And then we need to really help them and guide them so that they are able to achieve

the goals that they have.

So

that's 1 scenario in terms of how people onboard themselves in a very self survey. The second aspect is the collaboration about

once someone signs up on Hivo.

Naturally, they start with 1 or 2 sources of data, which is the predominant conciliation for them. But as they go along and keep their own maturity

in terms of the analytics need within the organizations grow, we've seen that more different types of sources

getting connected. So someone may start with just some marketing sources of data, but then eventually then want to combine the marketing with the sales

data as well. Or they may want to combine this with their purchase data as well, in which case they might start with, say, the advertising

channels like, say, Google Ads, Facebook,

LinkedIn Ads. And then they may want to add the sales CRM, say, Salesforce.

And later on, they may want to just combine with the Stripe data as well just to complete the funnel. And later on, they may want to get some product usage data, which might be in the MongoDB.

So then they will connect to MongoDB and get all these things together.

So as the

complexity of the questions that the use business users are trying to ask,

as that increases,

more and more sources of data

needs to be connected

and brought into the warehouse. So that's the kind of a journey we've seen.

Data teams are increasingly under pressure to deliver.

According to a recent survey by Ascend. Io, 95%

reported being at or overcapacity,

with 72 percent of data experts reporting demands on their team going up faster than they can hire, it's no surprise they are increasingly turning to automation.

In fact, while only 3.5%

report having current investments in automation,

85% of data teams plan on investing in automation in the next 12 months. That's where our friends at Ascend dot io come in. The Ascend Data Automation Cloud provides a unified platform for data ingestion, transformation, orchestration, and observability.

Ascend users love its declarative pipelines, powerful SDK, elegant UI, and extensible plug in architecture,

as well as its support for Python, SQL, Scala, and Java. Ascend automates workloads on Snowflake, Databricks, BigQuery, and open source Spark and can be deployed in AWS, Azure, or GCP.

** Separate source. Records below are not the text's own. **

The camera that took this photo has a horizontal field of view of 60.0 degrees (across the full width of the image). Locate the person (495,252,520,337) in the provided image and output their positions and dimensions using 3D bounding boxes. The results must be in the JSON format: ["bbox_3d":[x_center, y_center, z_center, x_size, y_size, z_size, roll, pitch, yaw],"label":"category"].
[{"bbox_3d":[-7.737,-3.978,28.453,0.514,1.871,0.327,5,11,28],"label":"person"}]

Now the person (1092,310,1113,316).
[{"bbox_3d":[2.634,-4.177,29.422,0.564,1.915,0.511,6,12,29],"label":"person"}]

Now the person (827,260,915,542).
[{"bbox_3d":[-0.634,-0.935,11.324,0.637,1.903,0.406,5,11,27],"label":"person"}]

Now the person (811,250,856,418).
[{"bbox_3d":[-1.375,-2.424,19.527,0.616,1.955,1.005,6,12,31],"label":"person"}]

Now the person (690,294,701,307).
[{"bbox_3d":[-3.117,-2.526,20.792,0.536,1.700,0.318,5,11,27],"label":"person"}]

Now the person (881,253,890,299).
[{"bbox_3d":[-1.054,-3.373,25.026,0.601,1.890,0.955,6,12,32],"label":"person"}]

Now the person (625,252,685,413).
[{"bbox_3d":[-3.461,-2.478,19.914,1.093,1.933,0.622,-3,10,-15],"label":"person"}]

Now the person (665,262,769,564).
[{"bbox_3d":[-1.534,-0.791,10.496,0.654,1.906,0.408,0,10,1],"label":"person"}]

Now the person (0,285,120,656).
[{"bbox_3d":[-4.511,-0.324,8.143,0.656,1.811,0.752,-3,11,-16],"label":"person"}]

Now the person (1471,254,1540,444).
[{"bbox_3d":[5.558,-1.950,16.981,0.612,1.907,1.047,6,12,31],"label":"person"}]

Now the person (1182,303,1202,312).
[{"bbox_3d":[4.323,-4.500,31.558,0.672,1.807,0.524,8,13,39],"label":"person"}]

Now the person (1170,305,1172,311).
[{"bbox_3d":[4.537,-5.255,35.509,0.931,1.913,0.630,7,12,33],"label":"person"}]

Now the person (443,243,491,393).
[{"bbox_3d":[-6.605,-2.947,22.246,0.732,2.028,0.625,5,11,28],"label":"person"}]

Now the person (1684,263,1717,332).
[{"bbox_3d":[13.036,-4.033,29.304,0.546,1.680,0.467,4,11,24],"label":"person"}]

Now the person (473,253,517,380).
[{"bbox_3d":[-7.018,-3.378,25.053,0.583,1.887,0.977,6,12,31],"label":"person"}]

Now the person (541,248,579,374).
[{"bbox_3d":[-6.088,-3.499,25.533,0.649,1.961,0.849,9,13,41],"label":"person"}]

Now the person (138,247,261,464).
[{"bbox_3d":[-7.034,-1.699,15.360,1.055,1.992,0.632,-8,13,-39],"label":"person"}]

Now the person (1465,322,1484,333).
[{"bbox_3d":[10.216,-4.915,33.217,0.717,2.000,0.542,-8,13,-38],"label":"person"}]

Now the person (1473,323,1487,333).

Go to data engineering podcast .com/ascend

and sign up for a free trial. If you're a data engineering podcast listener, you get credits worth $5, 000 when you become a customer.

So we've been talking a lot about the journey of data from source systems into the data warehouse. And my understanding is that you are also providing capabilities

for doing what some people are calling data activation or reverse ETL or,

you know, operational analytics. And I'm wondering if you can talk to also that aspect of

you know, you've got the data loaded. You've done your transformations and modeling and then being able to feed that back out into those operational systems where maybe somebody wants their customer data pushed back into Salesforce or HubSpot or whatever kind of system of record the rest of the business is using. And I'm wondering if you can talk to some of the

interesting challenges that you've

experienced there and some of the ways that you've been able to lean on the kind of data ingestion and integration

capabilities

to then be able to also

do double duty on that kind of egress path?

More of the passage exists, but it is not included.